11 June 2007

Yunnan: Part 1


This is Alex again, I am going to divide this final blog in to 2 parts since apparently I made my last entry too long! (sorry Taylor).
Part 1: We left Chengdu last Sunday on an overnight train to Kunming, in the Yunnan province. The train was quite an experience - we slept in hard sleeper which is a bed, but they are stacked 3 high and not in private cabins. It wasn't too bad - we had the top bunks so we kind of could escape from everyone staring at us, though we couldn’t sit up all the way. We got to Kunming on Monday morning and immediately found a bus to Dali, which was our final destination for the day. The "bus" was more like a packed van and it was a LONG five hour trip. When we got there, we actually got dropped off in “new” Dali, i.e. Xiaguan, and we had to take another bus to the old part of Dali. The town itself was pretty cool - cobblestone streets and nice shops and restaurants. Dali used to be surrounded by a wall but only really the gates are left.

There were a lot of westerners in Dali and they looked more like they belonged at Woodstock, sporting long dreadlocks, shapeless clothes, bare feet, etc. I'm not really sure why they were there...maybe preparing for a sojourn to Tibet? Obviously the residents of Dali had taken note because all the shops sold things you expect in some pot shop. Furthermore, all these old women dressed in Bai (an ethnicity) clothing keep asking us if we wanted to buy pot from them. It was very disconcerting; don't worry, we passed.

From Dali we took another bus to Lijiang and this one kept stopping at random places and letting people off/picking them up. The old part of Lijiang was cool as well, full of winding cobblestone streets and old buildings. However, yet again, Chinese tourism at its best, the place was packed with shops selling the same thing and had a lot more Chinese tour groups there then Dali. This means that Sarah and I felt like zoo animals whenever we were around them because they all stare and try to take our picture. One day we got a ride to Baisha, which was supposed to be a cool town north of Lejiang. It was pretty cool, just another little old town, but still touristy and people trying to sell us stuff all the time. Sarah wanted to see some frescos we had read about in the book, so we went to see those in Baisha – they were probably really pretty once but had been pretty much destroyed during the Cultural Revolution.

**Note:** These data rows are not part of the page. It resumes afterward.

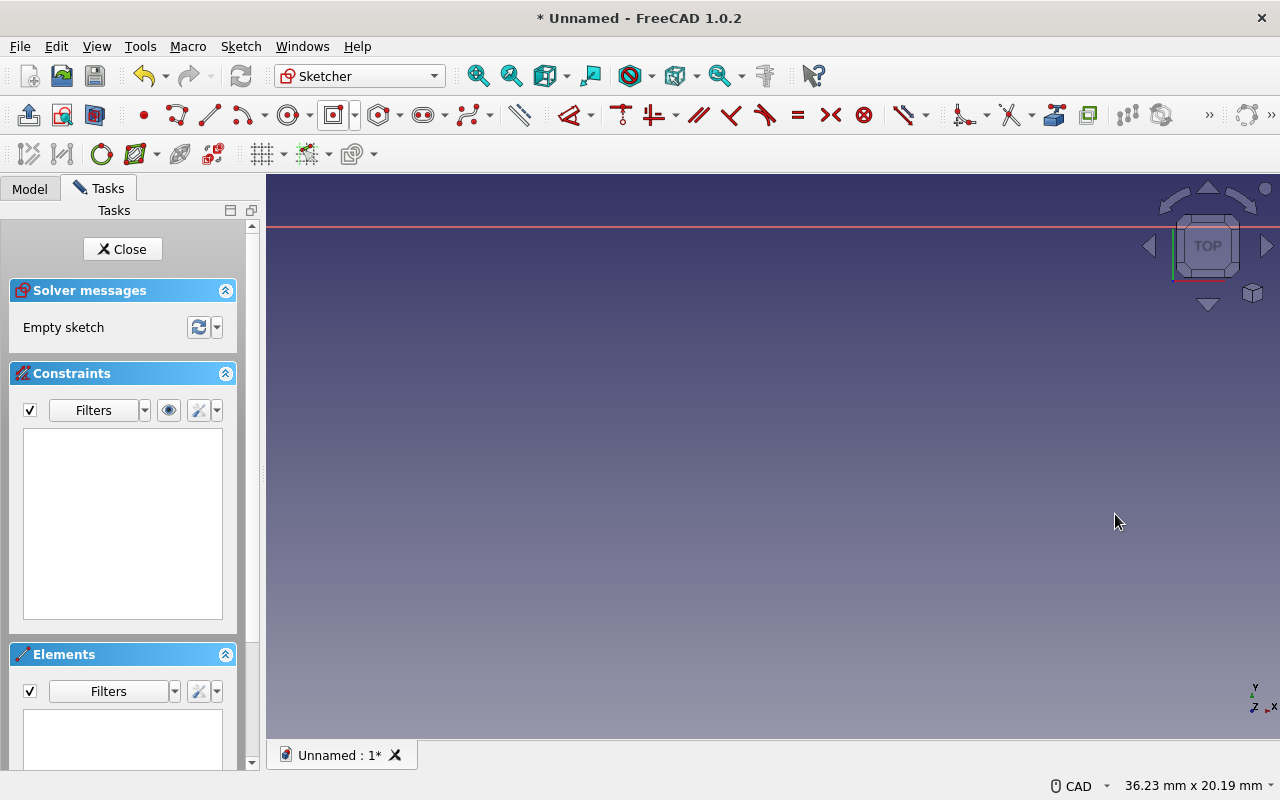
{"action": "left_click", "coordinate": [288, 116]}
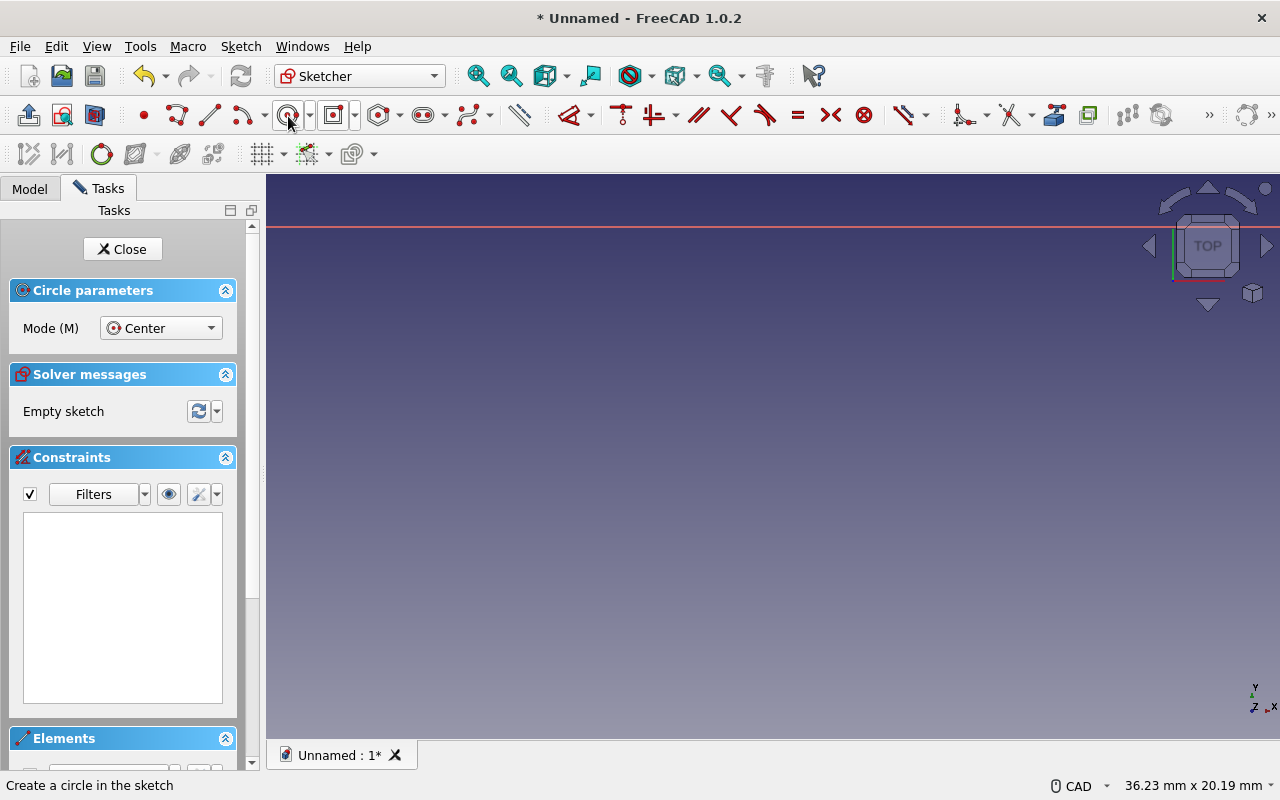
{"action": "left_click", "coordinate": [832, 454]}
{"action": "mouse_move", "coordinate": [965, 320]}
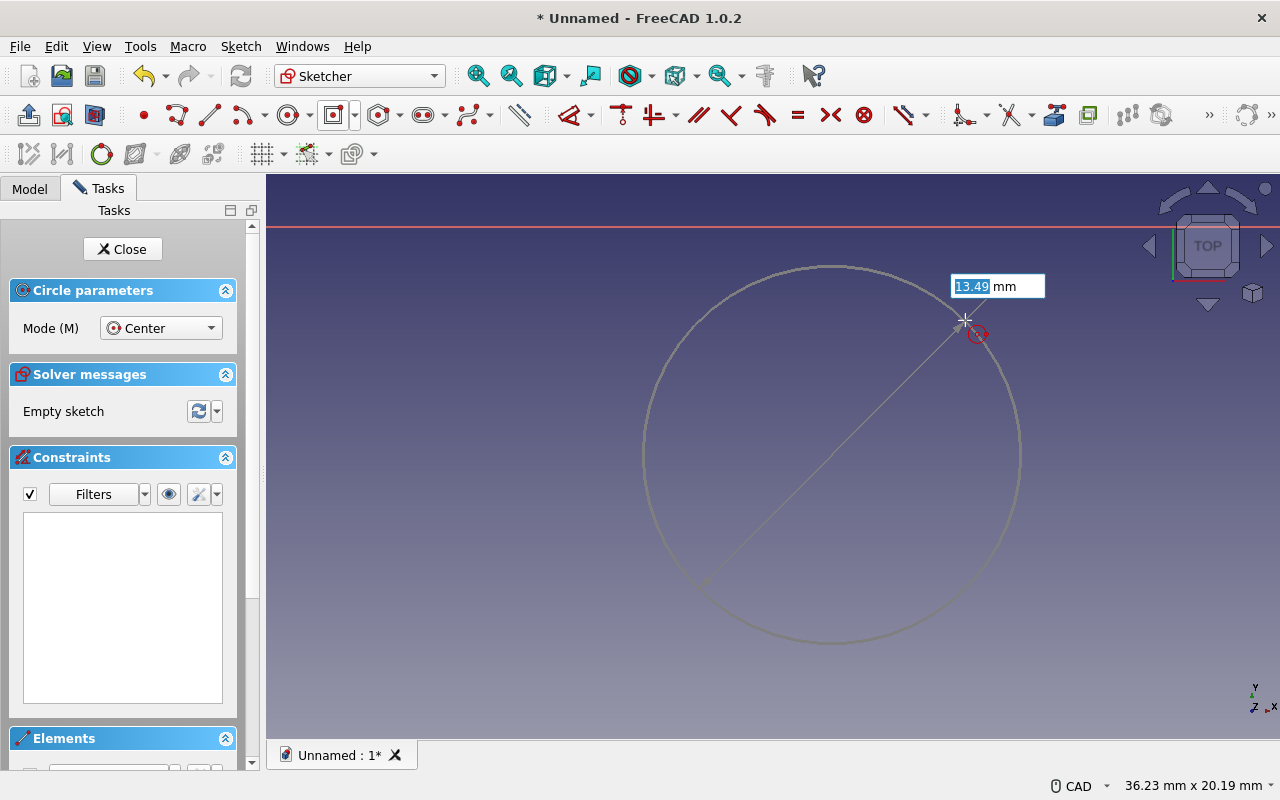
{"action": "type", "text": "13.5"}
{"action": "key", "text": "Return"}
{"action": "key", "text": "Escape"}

We decided to walk home from Baisha by wandering around through the countryside in the general direction of Lijiang. I think that has been my favorite part of China, walking through the country where there is no tourism. All the farmers were threshing their wheat, and they seem so shocked to see a westerner off the beaten trail. It is interesting that here you only see old/middle aged men, but mostly women, in the fields working the crops because all the young people have gone to the cities to find jobs. It makes me wonder who is going to farm when these people are too old to keep farming.

The pictures do not have anything to do with what Alex wrote, I just like them so here is a short explanation of each: (1) famous three pagodas in Dali, (2) Alex walking/wandering outside Dali, (3) our hostel called "Tibet Lodge" or something like that on one of the busiest streets in Dali, very good people watching, (4) Alex and I in front of the famed ancient water wheel in Lijiang, (5) Naxi script, one of the last pictographic scripts left in use today, (6) batik (a special kind of one-color dyed cloth) being made in Lijiang.

2 comments:

Anonymous said...

I would love to see pictures of the farming if you have any....sounds like you had a great traveling experience (always multi-modal) -- I am going to have to look on a map to see where you went.

cheryl

Mike Lu said...

Did you notice that the pagodas in Dali actually lean? Just like the tower of Pisa. I'm sure if the Chinese really realized this they'd probably make it a major tourist attraction!

"Welcome to see the Leaning Pagodas of Dali!"